De rechtbank is van oordeel dat de hierboven genoemde getuigenverklaringen voldoende concreet en gedetailleerd zijn. Weliswaar heeft geen van de getuigen gezien dat verdachte degene is geweest die geschoten heeft, maar dat maakt niet dat datgene wat zij hebben gehoord en wel gezien hebben als niet betrouwbaar kan worden aangemerkt, te meer niet nu zij verklaren over hun redenen van wetenschap. Hierbij merkt de rechtbank op dat de verklaringen elkaar onderling bevestigen. Op onderdelen worden de verklaringen ook bevestigd door de verklaring van verdachte zelf dat hij in opdracht klussen heeft gedaan en hiervoor geld heeft ontvangen van [getuige 3] . De rechtbank is van oordeel dat de hiervoor genoemde getuigen verklaringen als betrouwbaar kunnen worden aangemerkt en kunnen worden gebruikt voor het bewijs.
4.3.3.2.1.2. Verklaring verdachte: alternatieve scenario’s
Verdachte heeft zowel bij de politie als ter zitting ontkend dat hij de persoon is die heeft geschoten op de panden aan de Benkoelenstraat, Brinkstraat en Populierstraat in Enschede en het pand aan de Rietstraat in Almelo.

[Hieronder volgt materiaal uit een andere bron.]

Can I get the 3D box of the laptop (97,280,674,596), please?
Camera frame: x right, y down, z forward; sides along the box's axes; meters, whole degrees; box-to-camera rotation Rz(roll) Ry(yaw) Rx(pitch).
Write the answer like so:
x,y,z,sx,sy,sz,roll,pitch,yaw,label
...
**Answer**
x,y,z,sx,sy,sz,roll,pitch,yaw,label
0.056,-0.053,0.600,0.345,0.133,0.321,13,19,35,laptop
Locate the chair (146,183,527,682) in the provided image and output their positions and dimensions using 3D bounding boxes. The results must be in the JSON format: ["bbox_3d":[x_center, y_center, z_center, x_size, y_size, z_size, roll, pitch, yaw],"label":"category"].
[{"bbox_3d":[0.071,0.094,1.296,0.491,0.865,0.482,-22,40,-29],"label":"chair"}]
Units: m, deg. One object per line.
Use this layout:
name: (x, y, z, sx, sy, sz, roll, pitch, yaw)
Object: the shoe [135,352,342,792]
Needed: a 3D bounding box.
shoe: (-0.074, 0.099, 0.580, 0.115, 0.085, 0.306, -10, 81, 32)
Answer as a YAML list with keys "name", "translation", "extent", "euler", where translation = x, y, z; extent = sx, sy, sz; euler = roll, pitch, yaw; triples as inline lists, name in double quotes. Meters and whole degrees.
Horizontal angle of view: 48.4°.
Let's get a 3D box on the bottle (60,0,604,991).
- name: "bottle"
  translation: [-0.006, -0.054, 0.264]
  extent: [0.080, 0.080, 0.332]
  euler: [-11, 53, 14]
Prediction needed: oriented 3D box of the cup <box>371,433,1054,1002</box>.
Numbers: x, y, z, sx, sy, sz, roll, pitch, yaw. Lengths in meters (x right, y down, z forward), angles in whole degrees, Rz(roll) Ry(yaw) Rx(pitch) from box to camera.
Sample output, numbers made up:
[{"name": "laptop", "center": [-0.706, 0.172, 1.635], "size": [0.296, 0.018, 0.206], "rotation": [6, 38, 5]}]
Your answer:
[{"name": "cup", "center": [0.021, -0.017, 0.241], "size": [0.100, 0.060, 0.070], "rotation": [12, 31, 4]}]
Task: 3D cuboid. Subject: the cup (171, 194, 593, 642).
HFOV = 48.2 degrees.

Ter zitting heeft verdachte verklaard dat hij de zilvergrijze BMW op 18 september 2017 – de dag voorafgaand aan het nachtelijke schietincident – heeft klaargezet bij een flat in Hengelo of Enschede en dat hij zich vervolgens in de nacht naar Apeldoorn heeft laten brengen. Verdachte herkende de BMW als de auto die hij op voornoemde datum had klaargezet aan de speciale velgen, toen hij in het programma Opsporing Verzocht de auto zag op beelden die werden getoond in het kader van de beschieting van een woning.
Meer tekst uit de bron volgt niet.